I never truly understood the impact of a Facebook status until recently. As a twenty-something on the journey of self-discovery, I’m naturally drawn to inspirational quotes, hysterical life observations, good old-fashion sarcasm and self-deprecating anecdotes of the day’s events.
After posting what I felt were a few insightful one-liners, I noticed something very interesting. I began to get non-stop text messages, emails and even phones calls from people checking in on me. “Facebook friends”, from my loved ones to my most bypassing of acquaintances, all were potentially weighing in on “what I was going through”… or so they thought. But my statuses were NOT my cry for help. It just wasn’t that serious. It actually concerned me even more that people were taking my Facebook status’ for way much more than they were worth or ever intended. Facebook isn’t exactly an outlet for me to receive constant criticism and feedback either. I was just talking. Never did I expect for people to really listen. After all, it’s social media and I am no one special.
It’s one thing when people update their personal pages with their political views and opinions and are expecting a reaction from followers, but even when my statuses were basic in their meaning, it invoked un-welcomed responses which led to over analyzing every word in seemingly straightforward declarative statements.

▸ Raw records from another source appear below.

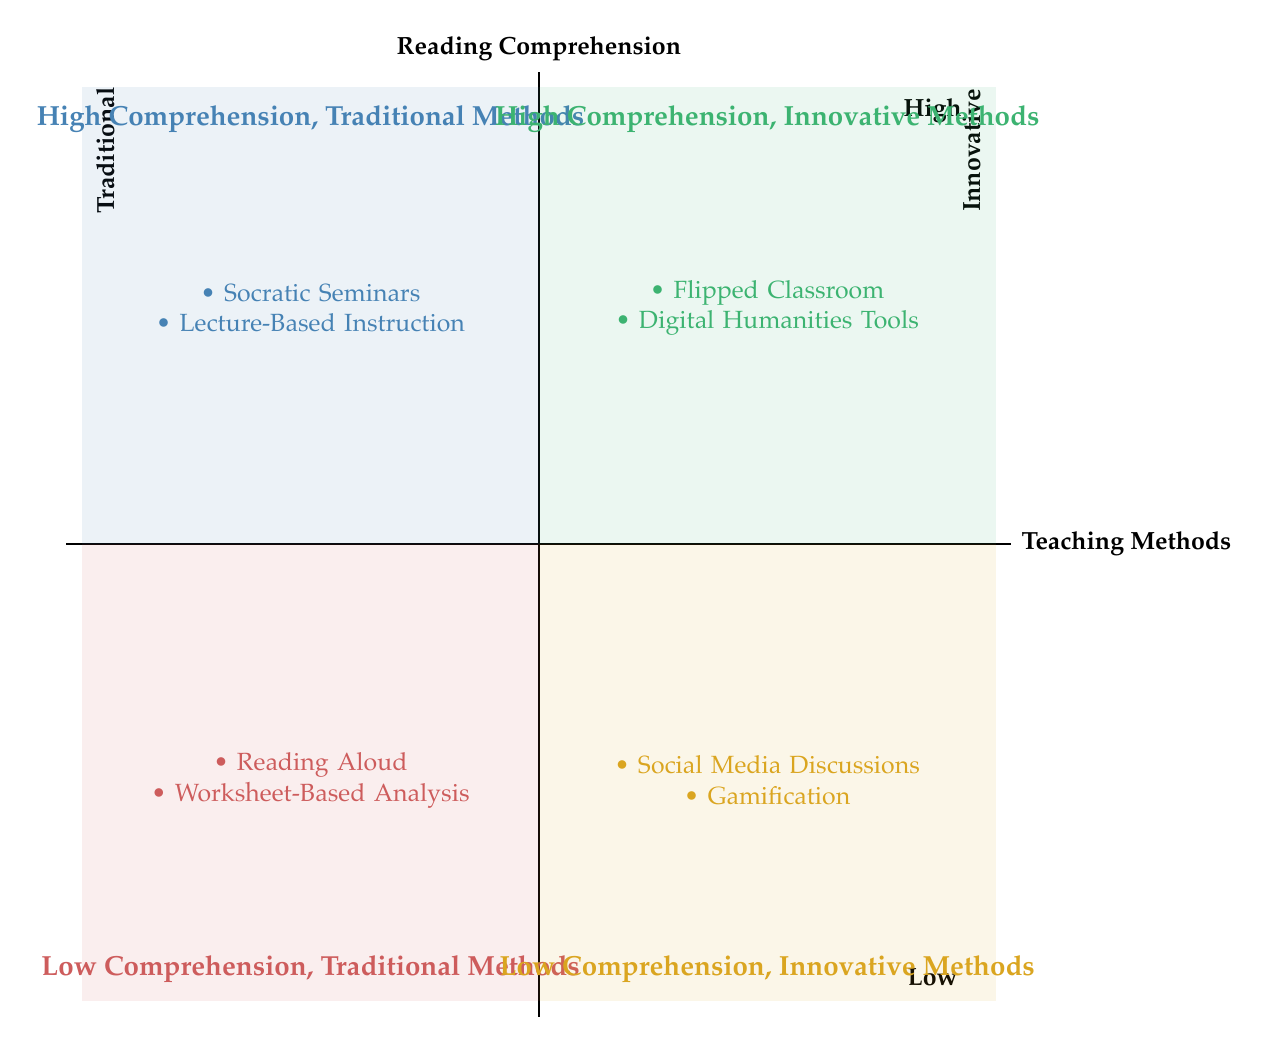What teaching method is in Quadrant 1? Quadrant 1 lists Socratic Seminars and Lecture-Based Instruction as the teaching methods; the question specifically asks for a method, and the first listed is Socratic Seminars.
Answer: Socratic Seminars How many teaching methods are in Quadrant 3? Quadrant 3 contains two methods: Reading Aloud and Worksheet-Based Analysis; counting the elements gives us the number.
Answer: 2 What is the relationship between innovative methods and high comprehension? Quadrant 2 represents the combination of High Comprehension and Innovative Methods, suggesting a positive relationship between innovation in teaching and comprehension levels.
Answer: Positive relationship Which quadrant contains Gamification? Gamification is listed in Quadrant 4; this quadrant corresponds to Low Comprehension and Innovative Methods.
Answer: Quadrant 4 Which traditional method aims to foster critical thinking? Socratic Seminars is found in Quadrant 1, which indicates that it is a traditional method aimed at fostering critical thinking and comprehension through dialogue.
Answer: Socratic Seminars How many quadrants represent high comprehension? Both Quadrant 1 and Quadrant 2 represent high comprehension; thus, counting these two quadrants provides the answer.
Answer: 2 What type of teaching method is Reading Aloud classified as? Reading Aloud is included in Quadrant 3, which is characterized as a Traditional Method; thus, it is classified as such.
Answer: Traditional Method In which quadrant would you find Digital Humanities Tools? Digital Humanities Tools are listed in Quadrant 2; this corresponds to High Comprehension and Innovative Methods.
Answer: Quadrant 2 Which quadrant emphasizes innovation yet results in low comprehension? Quadrant 4 is characterized by Low Comprehension and Innovative Methods; this is where such efforts result in low comprehension.
Answer: Quadrant 4

I write simply to write. (Not to inform the mass population about every single thing going on in my life.) My statuses do not dictate my experience from moment to moment. It is just my way of staying connected.
Regardless of whether my status is a true reflection of my current feelings or state of mind, I never expected others to get so deeply involved. But now as my notifications roll in rapid, I couldn’t help but to think of the true psychology behind how others view the after-effects of making our words so public, even if unintentional.
If posts are exaggerated, is the account holder insecure? Bored? etc. However, don’t you think it is unfair or unwise to try and define a person solely on their status updates? I do. In the digital world, it is especially easy for the viewer to misunderstand the meaning behind a post and make the wrong assumption.
For instance, I am a writer. More often than not, Facebook is a way for me to test out ideas, interact, share my random thoughts and articles, and sometimes I even use the network as an avenue for myself to vent (in an engagingly, witty manner of course).
So no, I don’t think that status updates depict my personality, nor are they a reflection of something much deeper. They are simply the superficial workings of my inner monologue posted for all to see. This way everyone knows how random my thought process actually is throughout any given day.
Bottom line, as a society, we can’t judge humans on the basis of status updates. Social media should lean more towards news from credible sources, LOL memes, videos and entertainment rather than an unsolicited session with unqualified therapists who have no idea what they talking about.